I’m attempting to use Julia on a cluster (using PBS) that blocks ssh connections to anything except the head node. Based on the documentation, it seems that Julia requires passwordless ssh to start workers on cluster nodes:
The base Julia installation has in-built support for two types of clusters:
- A local cluster specified with the -p option as shown above.
- A cluster spanning machines using the --machinefile option. This uses a passwordless ssh login to start Julia worker processes (from the same path as the current host) on the specified machines.
I’ve tried the solutions presented on this thread, but the following errors occur: (1) ClusterManagers
hangs when calling addprocs_pbs()
or (2) I get a permissions error when the ssh connection is attempted.
Permission denied, please try again.
Permission denied (publickey,gssapi-keyex,gssapi-with-mic,password).
ERROR: Unable to read host:port string from worker. Launch command exited with error?

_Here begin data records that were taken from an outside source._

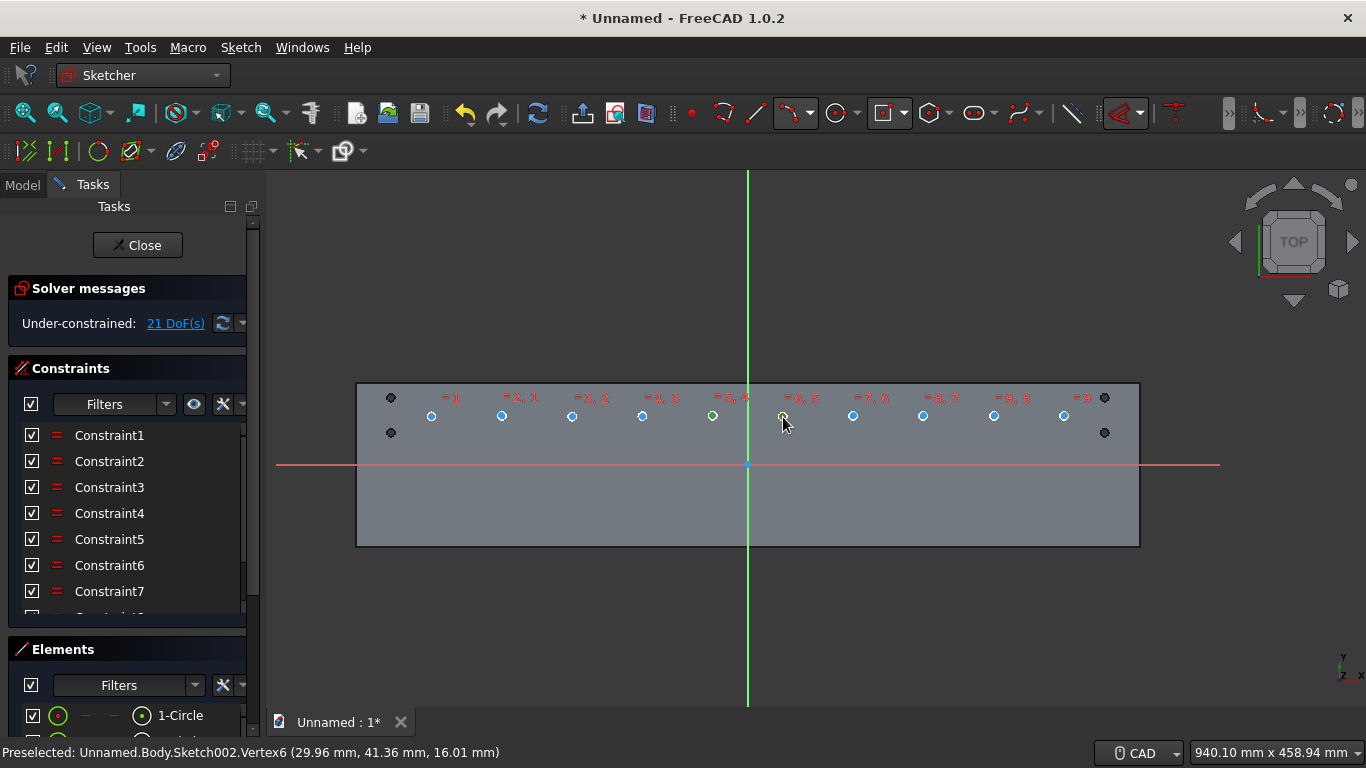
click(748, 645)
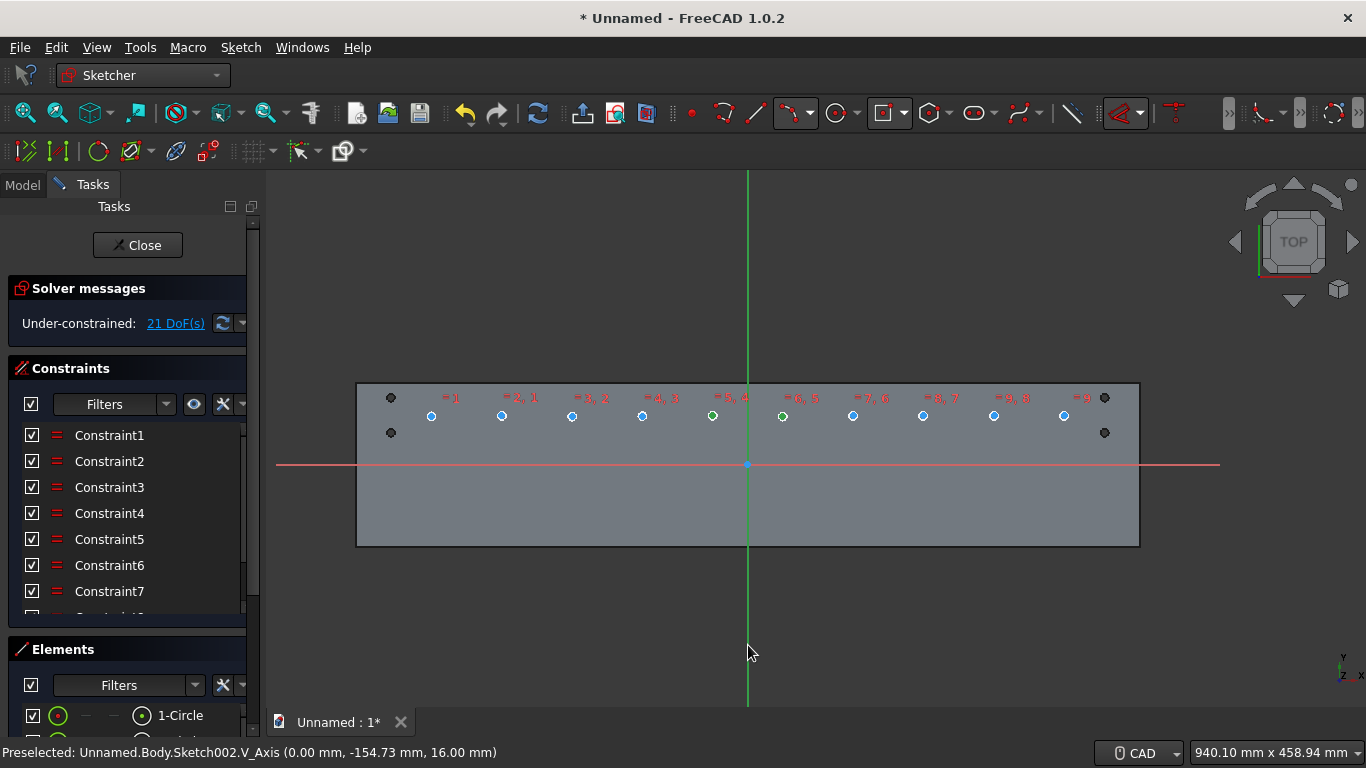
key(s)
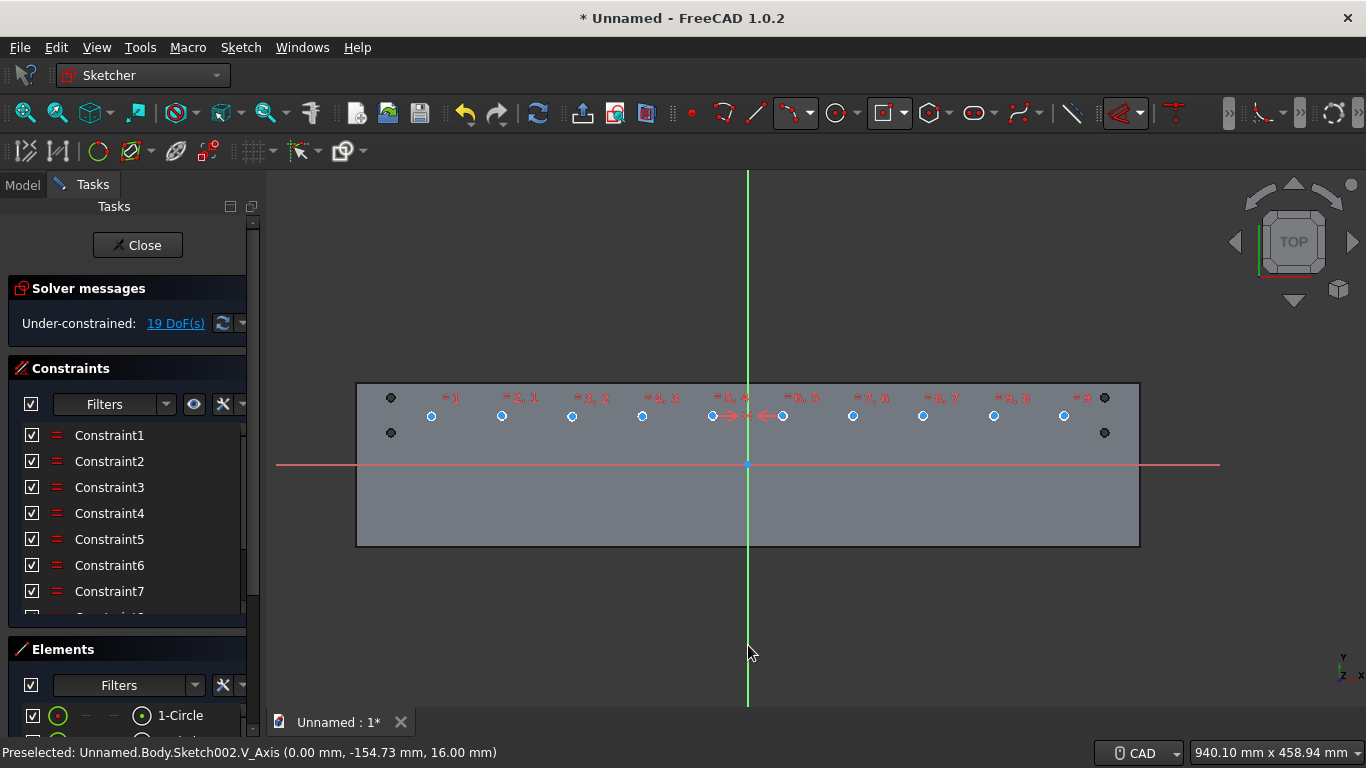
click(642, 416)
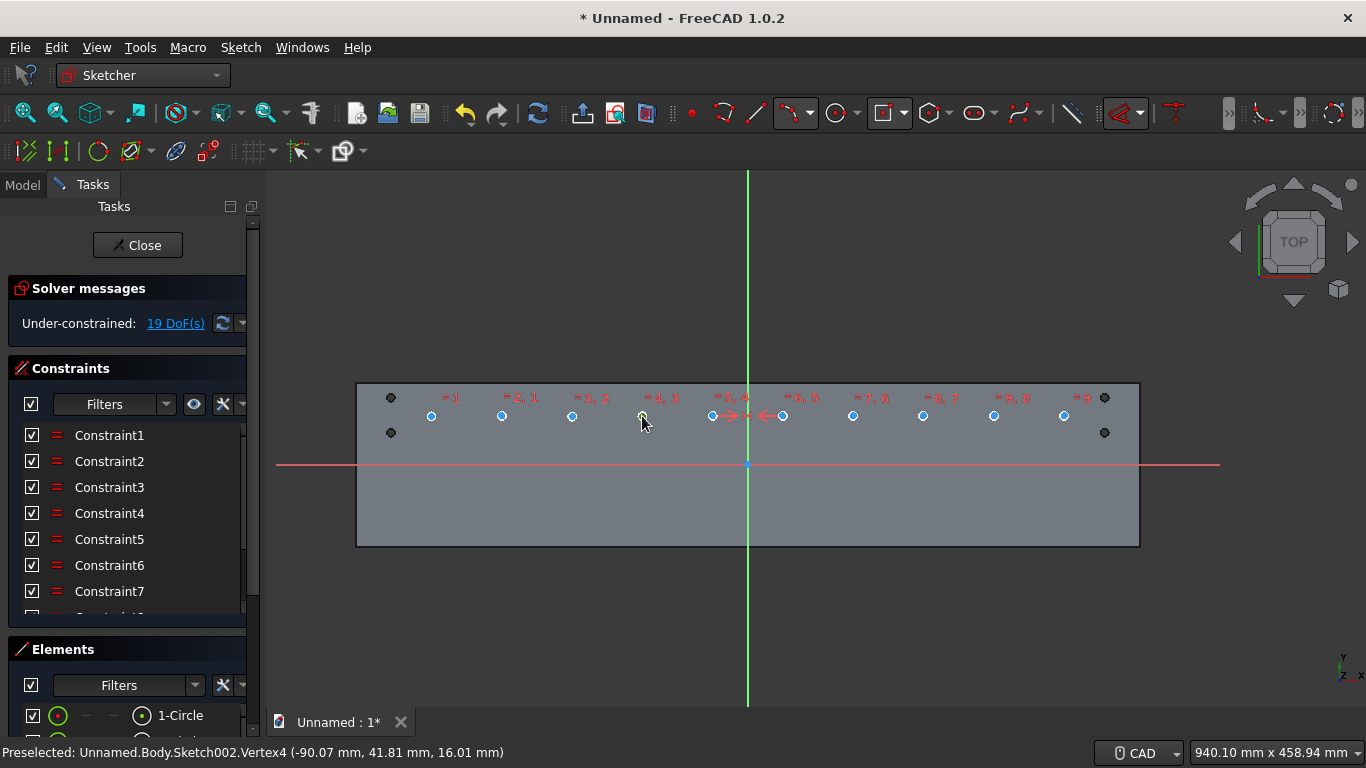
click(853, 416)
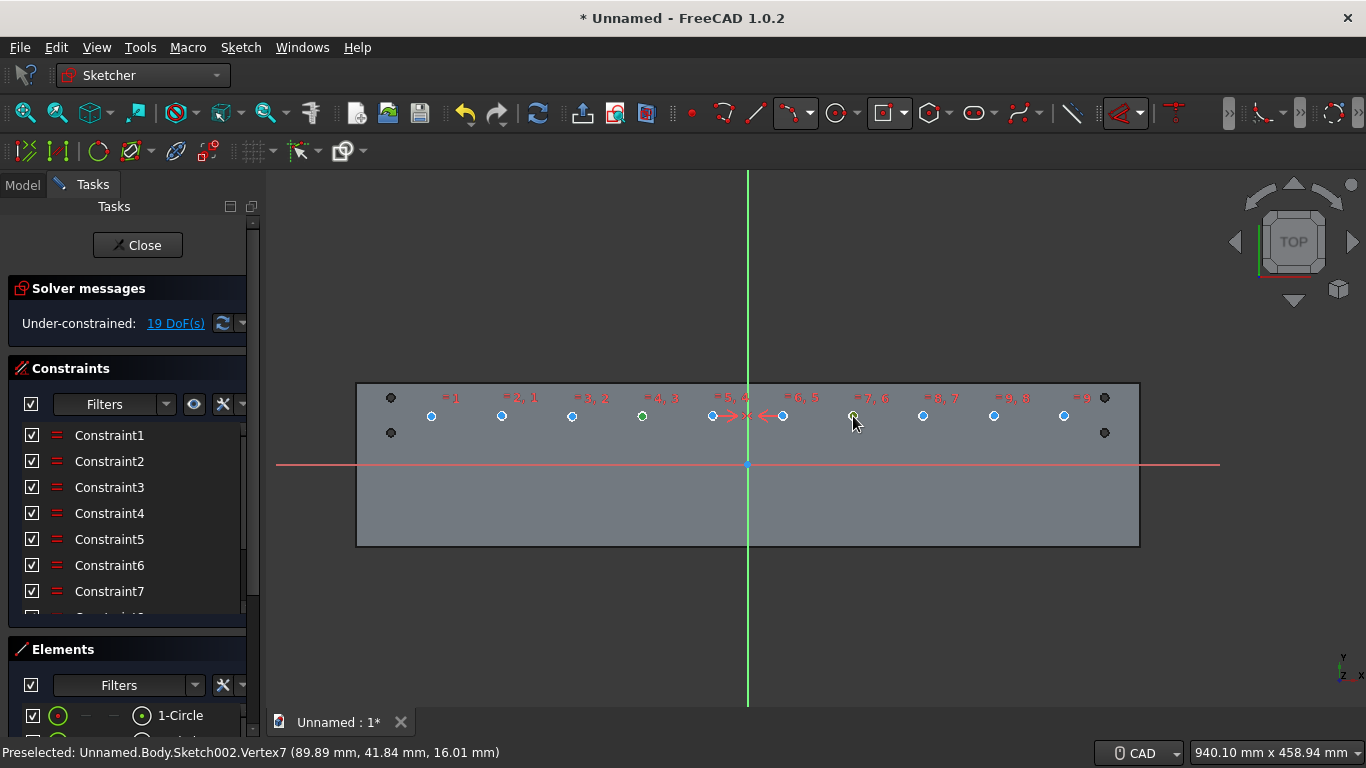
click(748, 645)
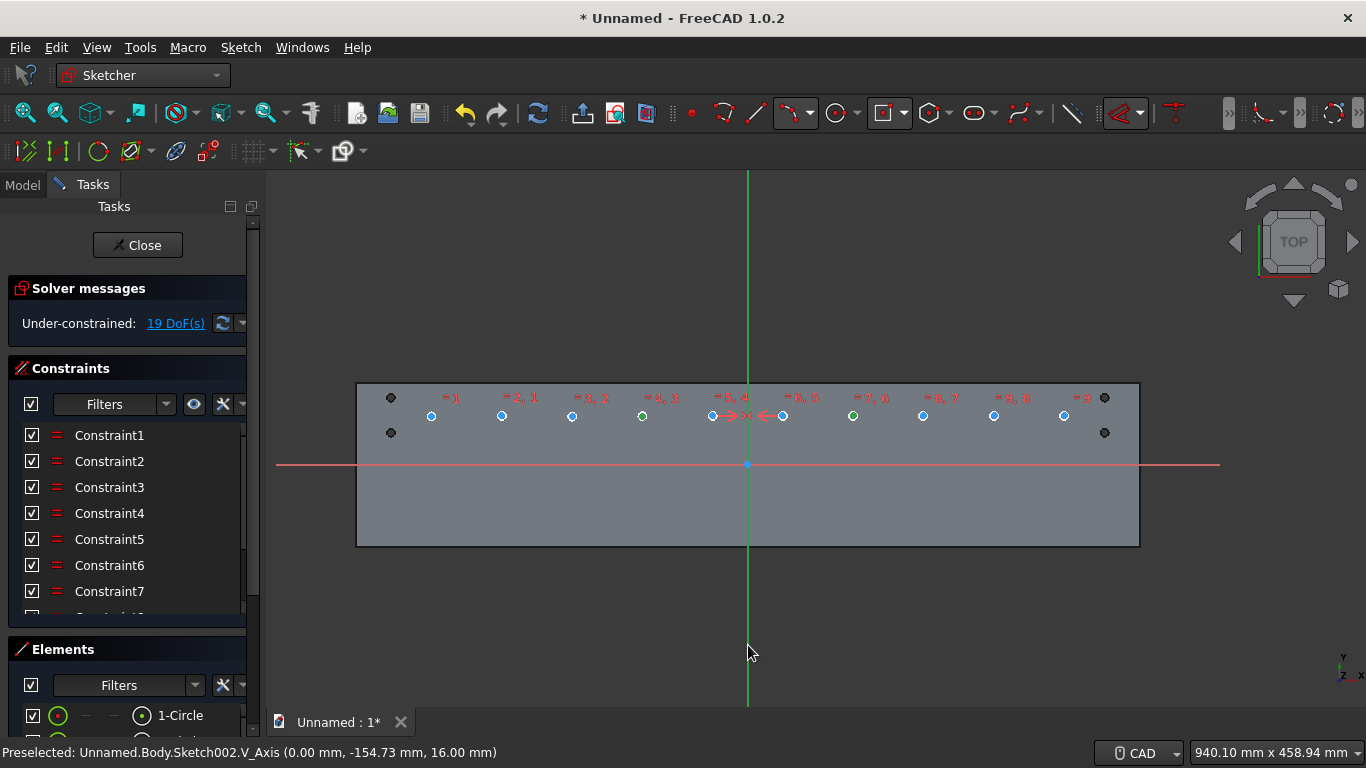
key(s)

read_worker_host_port(::Pipe) at ./distributed/cluster.jl:236
connect(::Base.Distributed.SSHManager, ::Int64, ::WorkerConfig) at ./distributed/managers.jl:391
create_worker(::Base.Distributed.SSHManager, ::WorkerConfig) at ./distributed/cluster.jl:443
setup_launched_worker(::Base.Distributed.SSHManager, ::WorkerConfig, ::Array{Int64,1}) at ./distributed/cluster.jl:389
(::Base.Distributed.##33#36{Base.Distributed.SSHManager,WorkerConfig,Array{Int64,1}})() at ./task.jl:335
My SysAdmin seems unwilling to allow ssh connections to worker nodes. Is there another option for using Julia on the cluster that bypasses this problem?